Another hypothesis regarding the maintenance of CS polymorphism proposes that variation itself is selected and maintained because of the advantage given coinfection by antagonistic pairs (26). It also proposes limitations on the extent of T-cell epitope variation and hence is also supported by the observation of homoplasy in the CS gene (21). Selective advantage, in this case, relates to the concordance of pairs by way of mutual interference with human T-cell responses.
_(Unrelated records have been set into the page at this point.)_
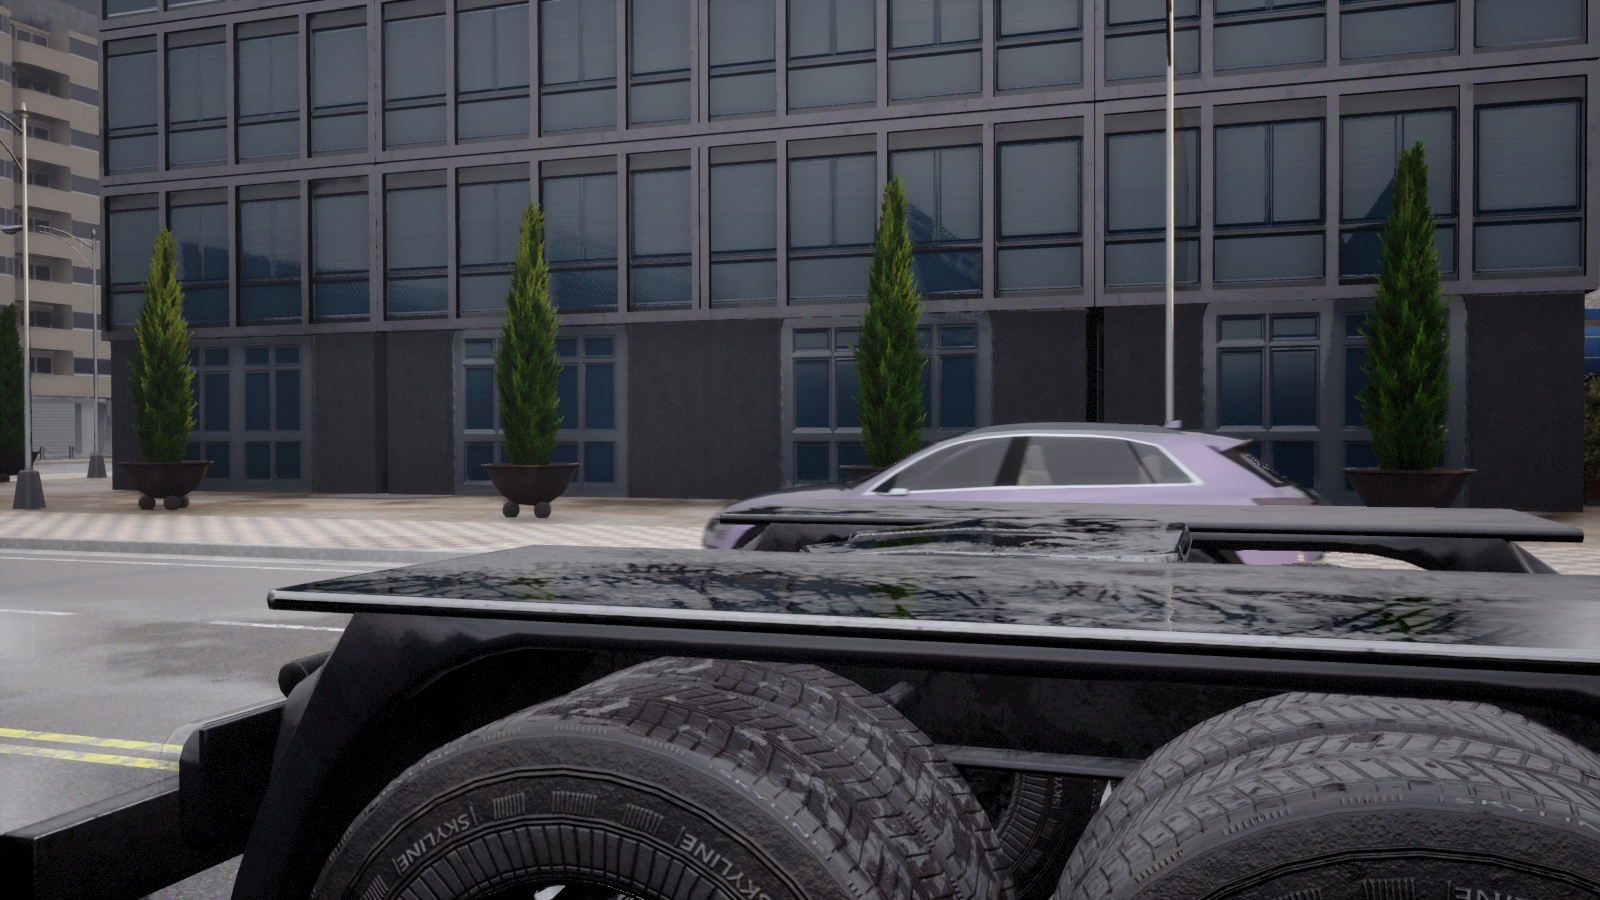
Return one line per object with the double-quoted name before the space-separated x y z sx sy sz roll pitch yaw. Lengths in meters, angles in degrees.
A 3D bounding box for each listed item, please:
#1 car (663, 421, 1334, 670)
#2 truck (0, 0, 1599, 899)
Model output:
"car" 1.551 0.601 10.056 4.856 1.649 2.033 1 1 19
"truck" 2.642 -0.182 2.289 7.936 3.462 2.891 1 1 19
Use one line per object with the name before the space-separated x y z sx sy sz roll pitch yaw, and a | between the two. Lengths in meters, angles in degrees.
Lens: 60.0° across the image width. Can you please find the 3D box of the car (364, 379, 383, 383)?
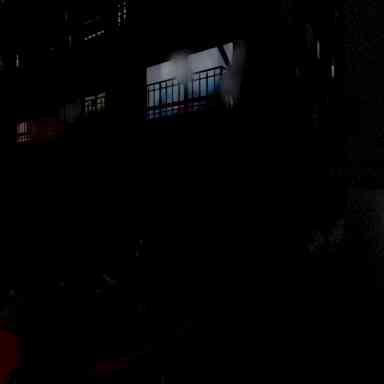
car | 2.569 1.566 1.047 4.313 1.339 1.947 0 0 35

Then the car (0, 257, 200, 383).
car | -2.023 1.545 4.316 4.507 1.381 1.887 0 0 35

It implies that "inclusion of all allelic peptide variants in such vaccines may not offer a solution to the well-recognized problem of antigenic polymorphism in malaria: inclusion of a variant epitope might even lead to antagonism of naturally acquired immunity of other variants, resulting in increased susceptibility" (26). This is an appealing hypothesis and has some experimental support. It does, however, depend upon the assumption that polymorphism is maintained solely as a response to the immune system and ignores the biological role of the immune target (7, 18). Further, the implications for vaccine design are directly opposite those indicated by the above results. Attributing this type of polymorphism solely to immune selective pressure is, at best, an incomplete explanation.